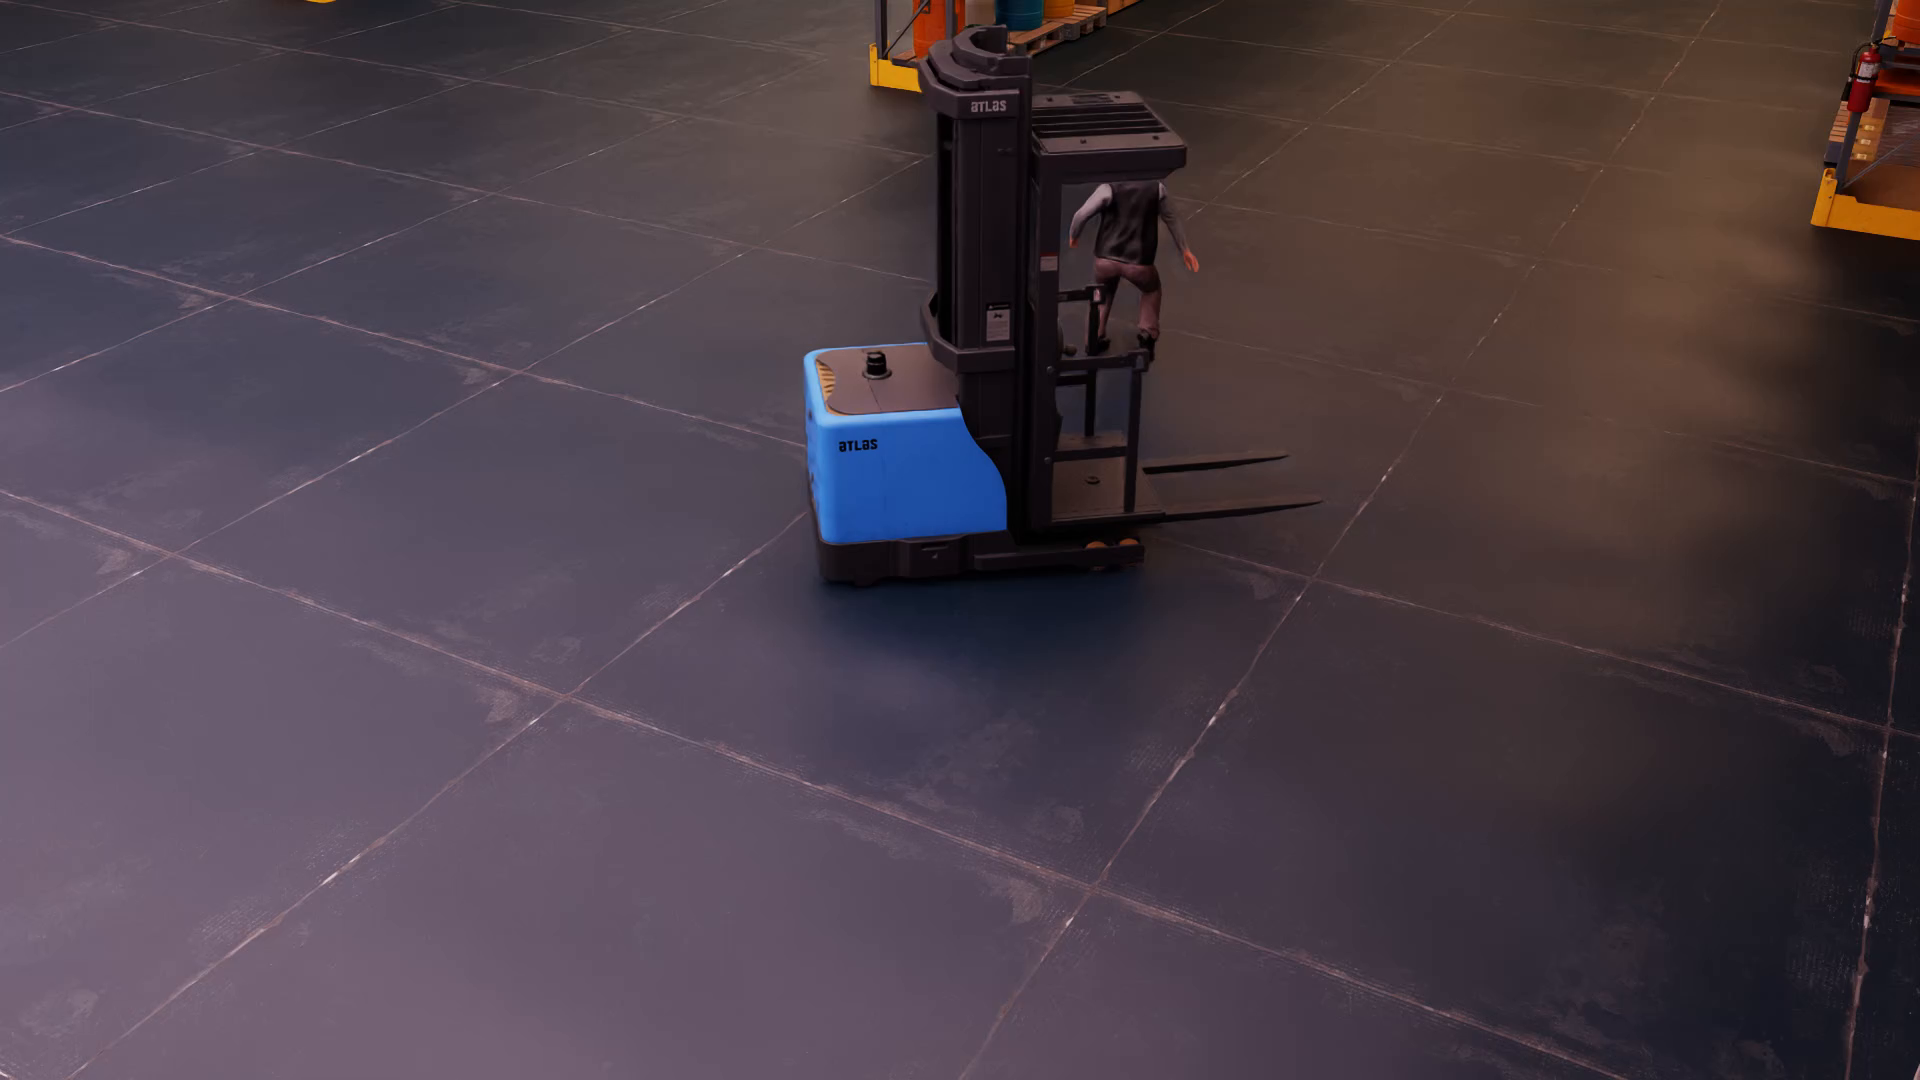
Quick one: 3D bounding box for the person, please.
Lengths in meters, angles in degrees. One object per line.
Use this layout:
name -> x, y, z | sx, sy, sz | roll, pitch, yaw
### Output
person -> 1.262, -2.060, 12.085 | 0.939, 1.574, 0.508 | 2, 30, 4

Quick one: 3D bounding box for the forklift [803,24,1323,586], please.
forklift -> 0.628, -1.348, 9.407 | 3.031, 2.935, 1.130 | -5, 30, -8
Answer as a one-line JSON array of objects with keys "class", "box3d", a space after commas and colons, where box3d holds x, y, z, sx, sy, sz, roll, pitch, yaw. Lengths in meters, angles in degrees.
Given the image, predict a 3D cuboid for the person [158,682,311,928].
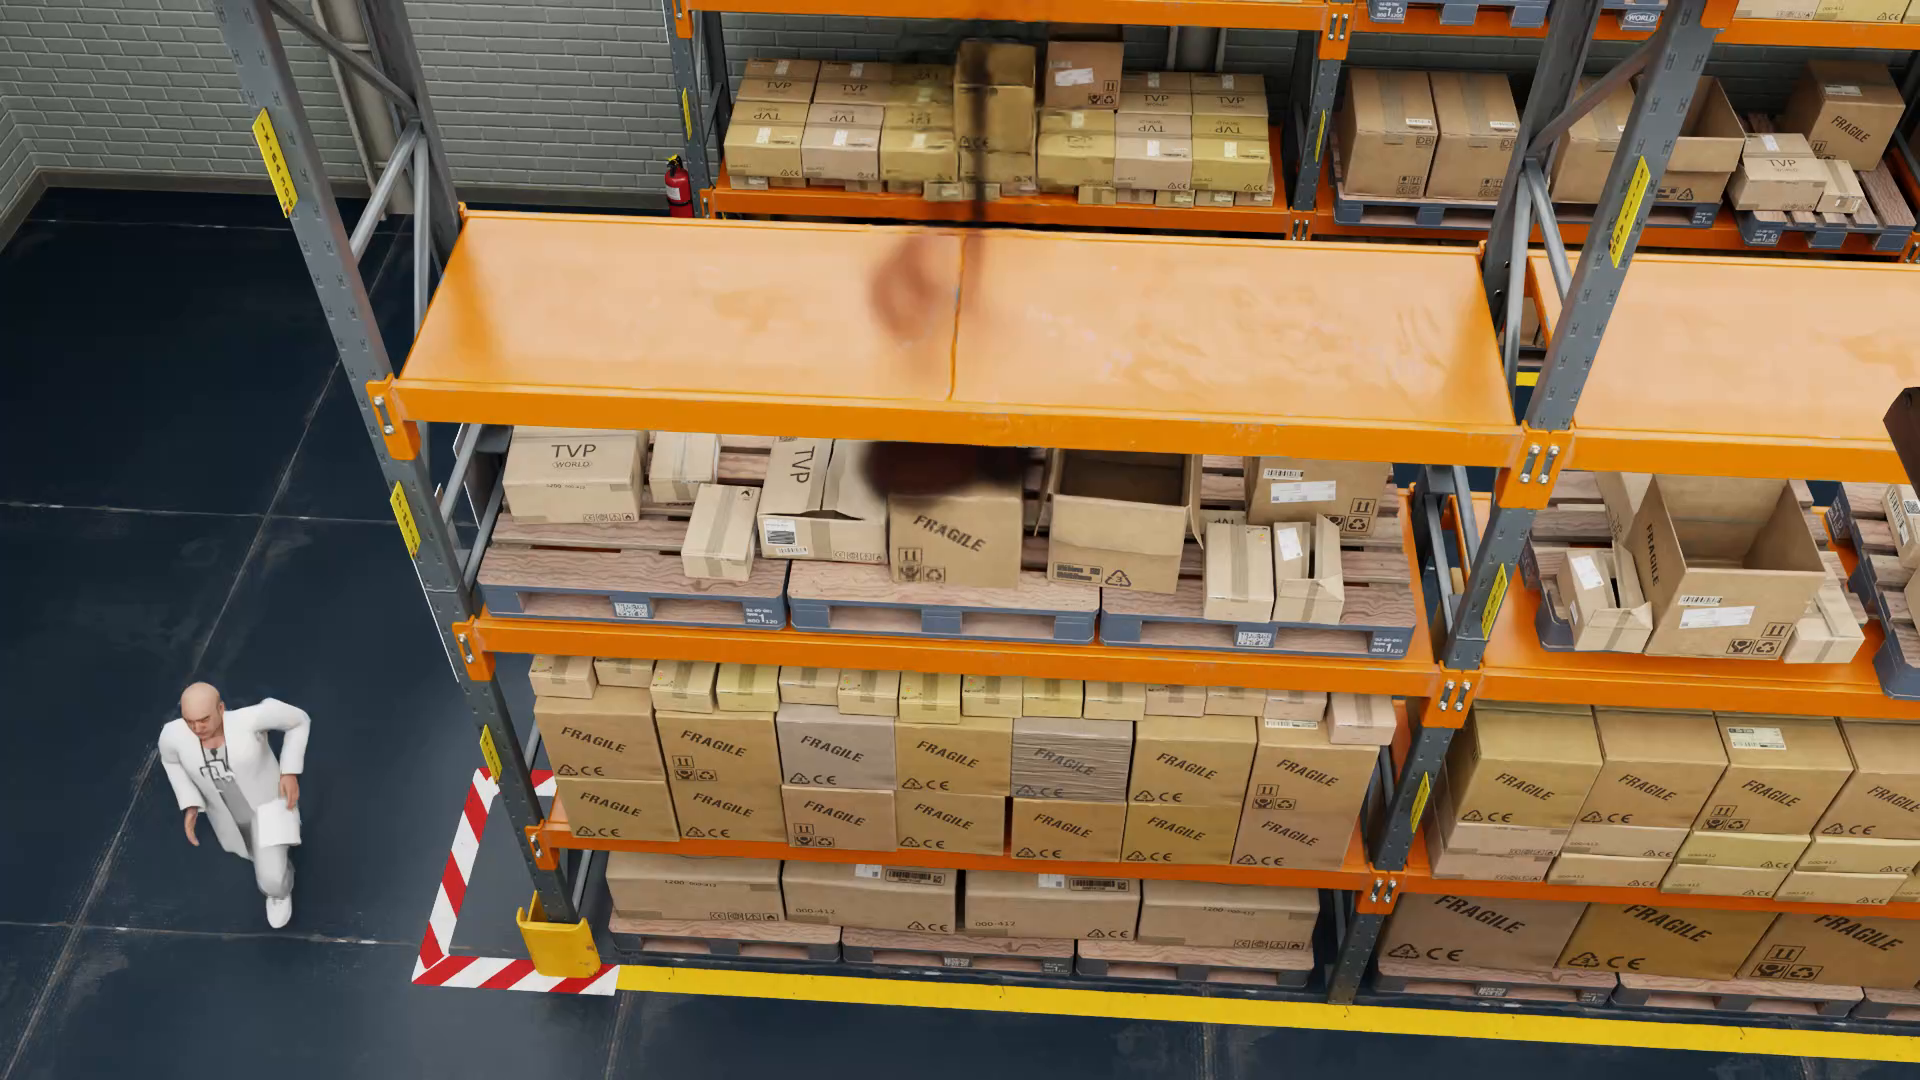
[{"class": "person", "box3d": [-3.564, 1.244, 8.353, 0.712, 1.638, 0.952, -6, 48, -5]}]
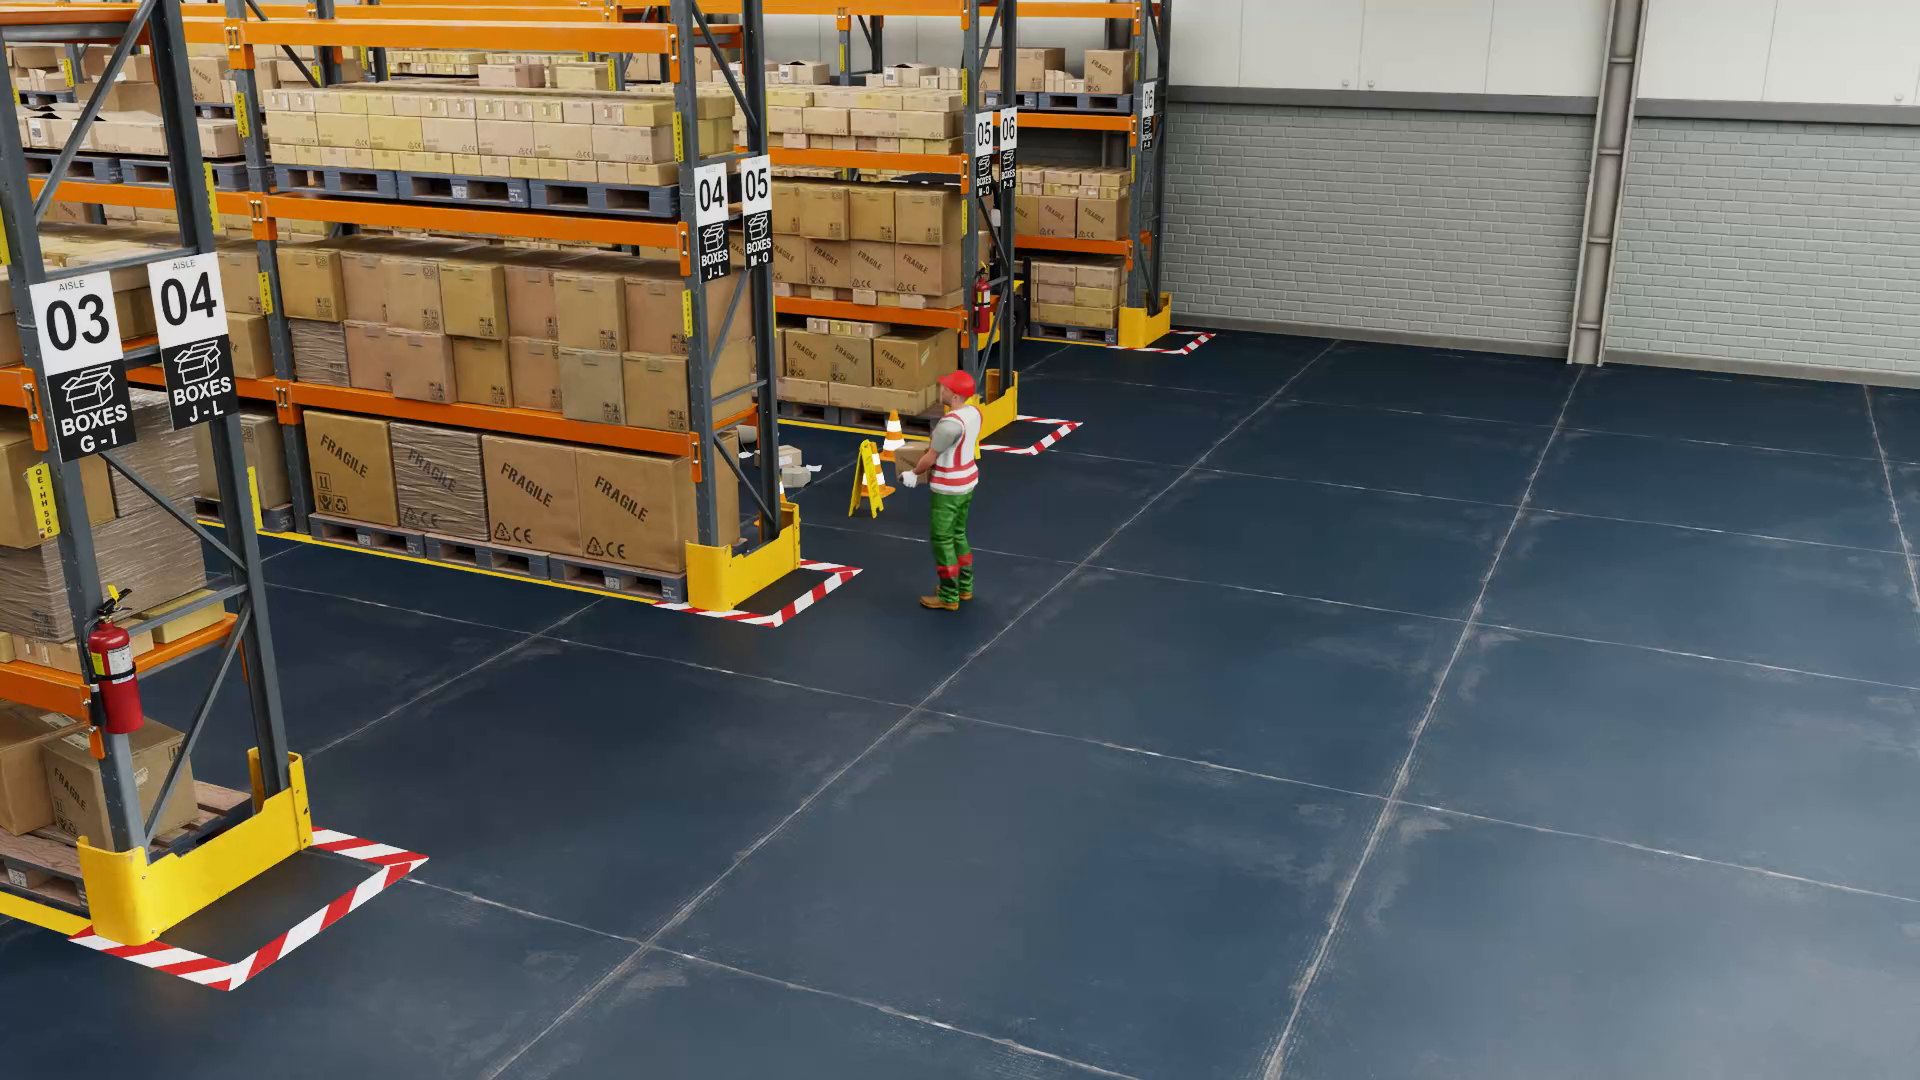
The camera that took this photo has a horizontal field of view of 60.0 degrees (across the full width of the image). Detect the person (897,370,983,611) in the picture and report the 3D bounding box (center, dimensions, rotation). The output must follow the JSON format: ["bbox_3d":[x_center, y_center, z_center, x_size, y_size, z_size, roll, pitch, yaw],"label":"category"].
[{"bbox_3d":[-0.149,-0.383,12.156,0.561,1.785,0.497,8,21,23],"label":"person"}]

▶ Exercise objective:
Copy out each record shown above without alteration, skipping any picture.

▶ Response area:
Quick one: 3D bounding box for the person, please.
Lengths in meters, angles in degrees. One object per line.
Use this layout:
name -> x, y, z | sx, sy, sz | roll, pitch, yaw
### Output
person -> 1.262, -2.060, 12.085 | 0.939, 1.574, 0.508 | 2, 30, 4

Quick one: 3D bounding box for the forklift [803,24,1323,586], please.
forklift -> 0.628, -1.348, 9.407 | 3.031, 2.935, 1.130 | -5, 30, -8
Answer as a one-line JSON array of objects with keys "class", "box3d", a space after commas and colons, where box3d holds x, y, z, sx, sy, sz, roll, pitch, yaw. Lengths in meters, angles in degrees.
Given the image, predict a 3D cuboid for the person [158,682,311,928].
[{"class": "person", "box3d": [-3.564, 1.244, 8.353, 0.712, 1.638, 0.952, -6, 48, -5]}]
The camera that took this photo has a horizontal field of view of 60.0 degrees (across the full width of the image). Detect the person (897,370,983,611) in the picture and report the 3D bounding box (center, dimensions, rotation). The output must follow the JSON format: ["bbox_3d":[x_center, y_center, z_center, x_size, y_size, z_size, roll, pitch, yaw],"label":"category"].
[{"bbox_3d":[-0.149,-0.383,12.156,0.561,1.785,0.497,8,21,23],"label":"person"}]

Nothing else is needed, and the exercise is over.